Supplied records:
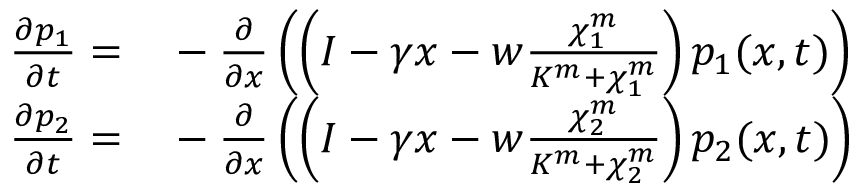Convert formula to latex. <formula><loc_0><loc_0><loc_500><loc_500>\begin{array} { r l } { \frac { \partial p _ { 1 } } { \partial t } = } & - \frac { \partial } { \partial x } \left ( \left ( I - \gamma x - w \frac { \chi _ { 1 } ^ { m } } { K ^ { m } + \chi _ { 1 } ^ { m } } \right ) p _ { 1 } ( x , t ) \right ) } \\ { \frac { \partial p _ { 2 } } { \partial t } = } & - \frac { \partial } { \partial x } \left ( \left ( I - \gamma x - w \frac { \chi _ { 2 } ^ { m } } { K ^ { m } + \chi _ { 2 } ^ { m } } \right ) p _ { 2 } ( x , t ) \right ) } \end{array}</formula> 
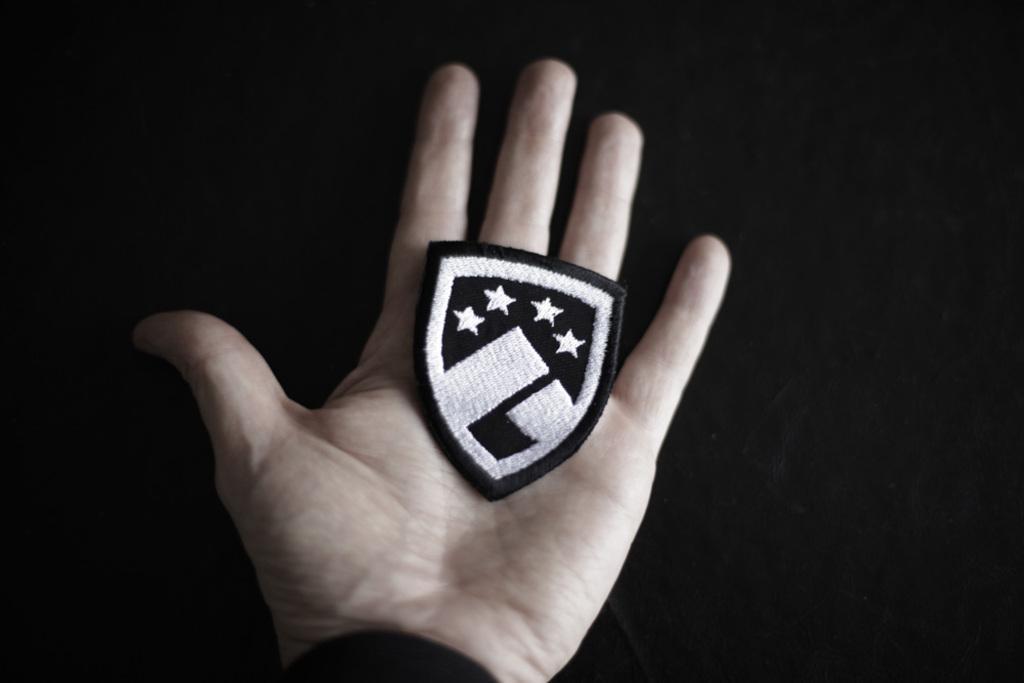In one or two sentences, can you explain what this image depicts? Here I can see a person's hand holding a black color emblem. The background is in black color. 
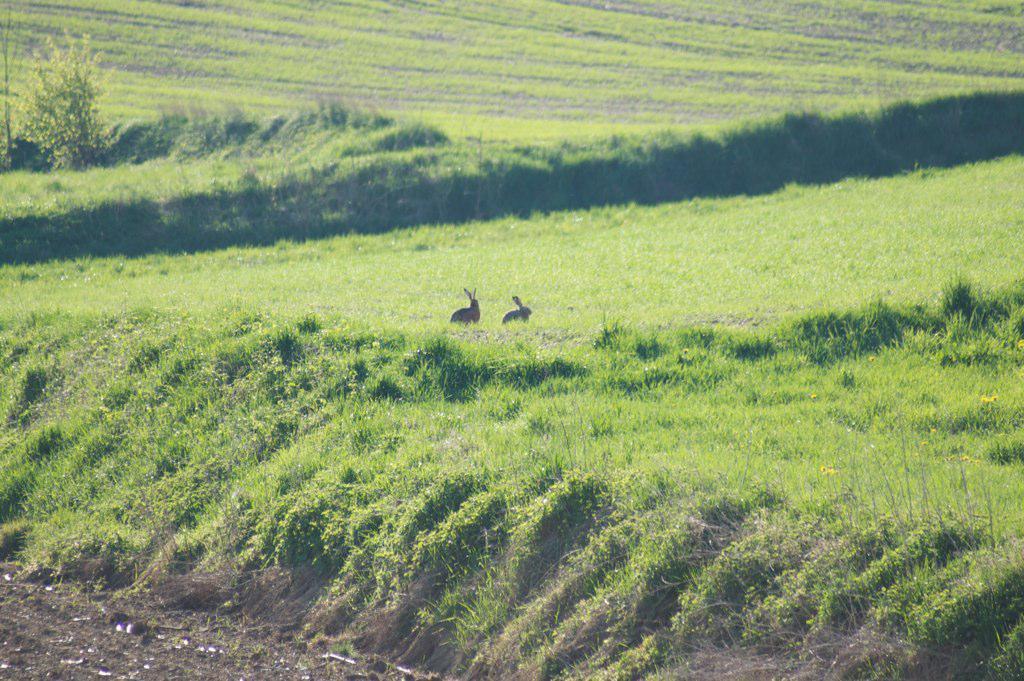Please provide a concise description of this image. In this image there are two rabbits on the ground. On the ground there are grasses, plants. 
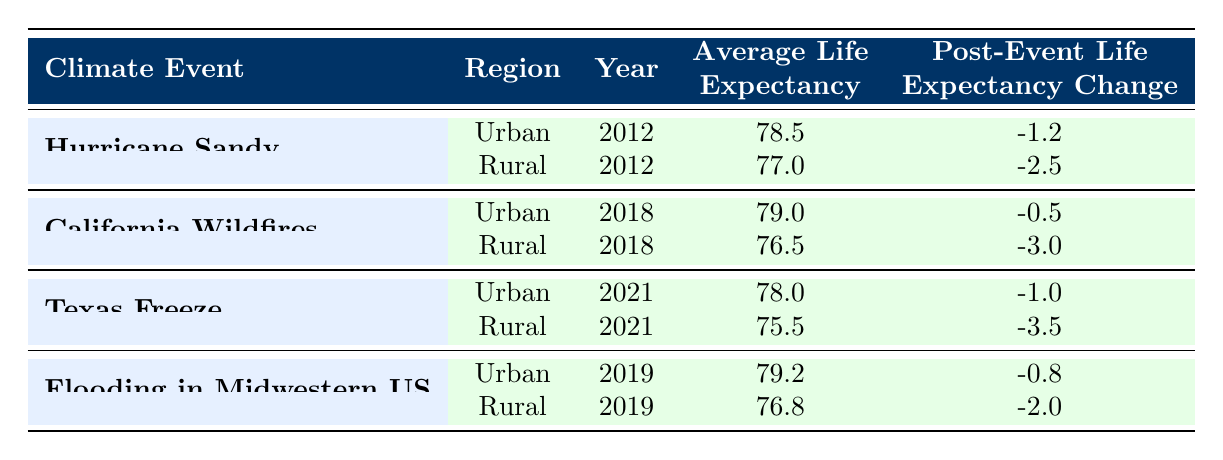What was the average life expectancy in urban areas after Hurricane Sandy? The table shows that in urban areas, the average life expectancy after Hurricane Sandy in 2012 was 78.5 years.
Answer: 78.5 What was the post-event change in life expectancy for rural areas following the California Wildfires? The data indicates that for rural areas after the California Wildfires in 2018, the post-event life expectancy change was -3.0 years.
Answer: -3.0 Was the average life expectancy greater in urban areas for the Texas Freeze event compared to rural areas? According to the table, for the Texas Freeze in 2021, the urban average life expectancy was 78.0 years, while rural areas had an average of 75.5 years, indicating that urban areas had a greater life expectancy.
Answer: Yes What is the difference in average life expectancy between urban and rural areas after the Flooding in Midwestern US? For this event in 2019, urban areas had an average life expectancy of 79.2 years, while rural areas had 76.8 years. The difference is calculated as 79.2 - 76.8 = 2.4 years.
Answer: 2.4 How did the average life expectancy change in urban areas from Hurricane Sandy to the Texas Freeze? The average life expectancy in urban areas after Hurricane Sandy was 78.5 years, and after the Texas Freeze, it was 78.0 years. The change is calculated as 78.0 - 78.5 = -0.5 years.
Answer: -0.5 Was the life expectancy change greater for rural areas after Hurricane Sandy compared to the Texas Freeze? The life expectancy change for rural areas after Hurricane Sandy was -2.5 years, while after the Texas Freeze it was -3.5 years. Since -3.5 is less than -2.5, the change was indeed greater after the Texas Freeze.
Answer: Yes What was the average life expectancy in rural areas for the Flooding in Midwestern US event? The table shows that in rural areas, the average life expectancy for the Flooding in Midwestern US in 2019 was 76.8 years.
Answer: 76.8 Compare the average life expectancies between urban and rural areas for all four events. In urban areas, the average life expectancies were 78.5 for Hurricane Sandy, 79.0 for California Wildfires, 78.0 for Texas Freeze, and 79.2 for Flooding in Midwestern US. In rural areas, they were 77.0, 76.5, 75.5, and 76.8 respectively. So, urban areas consistently showed higher average life expectancy values across all events compared to rural areas.
Answer: Urban areas had consistently higher life expectancies

What is required: Return every record exactly, without the pictures.

Task solution:
Convert formula to latex. <formula><loc_0><loc_0><loc_500><loc_500>\begin{array} { r l } { \frac { \partial p _ { 1 } } { \partial t } = } & - \frac { \partial } { \partial x } \left ( \left ( I - \gamma x - w \frac { \chi _ { 1 } ^ { m } } { K ^ { m } + \chi _ { 1 } ^ { m } } \right ) p _ { 1 } ( x , t ) \right ) } \\ { \frac { \partial p _ { 2 } } { \partial t } = } & - \frac { \partial } { \partial x } \left ( \left ( I - \gamma x - w \frac { \chi _ { 2 } ^ { m } } { K ^ { m } + \chi _ { 2 } ^ { m } } \right ) p _ { 2 } ( x , t ) \right ) } \end{array}</formula> 
In one or two sentences, can you explain what this image depicts? Here I can see a person's hand holding a black color emblem. The background is in black color. 
Please provide a concise description of this image. In this image there are two rabbits on the ground. On the ground there are grasses, plants. 
What was the average life expectancy in urban areas after Hurricane Sandy? The table shows that in urban areas, the average life expectancy after Hurricane Sandy in 2012 was 78.5 years.
Answer: 78.5 What was the post-event change in life expectancy for rural areas following the California Wildfires? The data indicates that for rural areas after the California Wildfires in 2018, the post-event life expectancy change was -3.0 years.
Answer: -3.0 Was the average life expectancy greater in urban areas for the Texas Freeze event compared to rural areas? According to the table, for the Texas Freeze in 2021, the urban average life expectancy was 78.0 years, while rural areas had an average of 75.5 years, indicating that urban areas had a greater life expectancy.
Answer: Yes What is the difference in average life expectancy between urban and rural areas after the Flooding in Midwestern US? For this event in 2019, urban areas had an average life expectancy of 79.2 years, while rural areas had 76.8 years. The difference is calculated as 79.2 - 76.8 = 2.4 years.
Answer: 2.4 How did the average life expectancy change in urban areas from Hurricane Sandy to the Texas Freeze? The average life expectancy in urban areas after Hurricane Sandy was 78.5 years, and after the Texas Freeze, it was 78.0 years. The change is calculated as 78.0 - 78.5 = -0.5 years.
Answer: -0.5 Was the life expectancy change greater for rural areas after Hurricane Sandy compared to the Texas Freeze? The life expectancy change for rural areas after Hurricane Sandy was -2.5 years, while after the Texas Freeze it was -3.5 years. Since -3.5 is less than -2.5, the change was indeed greater after the Texas Freeze.
Answer: Yes What was the average life expectancy in rural areas for the Flooding in Midwestern US event? The table shows that in rural areas, the average life expectancy for the Flooding in Midwestern US in 2019 was 76.8 years.
Answer: 76.8 Compare the average life expectancies between urban and rural areas for all four events. In urban areas, the average life expectancies were 78.5 for Hurricane Sandy, 79.0 for California Wildfires, 78.0 for Texas Freeze, and 79.2 for Flooding in Midwestern US. In rural areas, they were 77.0, 76.5, 75.5, and 76.8 respectively. So, urban areas consistently showed higher average life expectancy values across all events compared to rural areas.
Answer: Urban areas had consistently higher life expectancies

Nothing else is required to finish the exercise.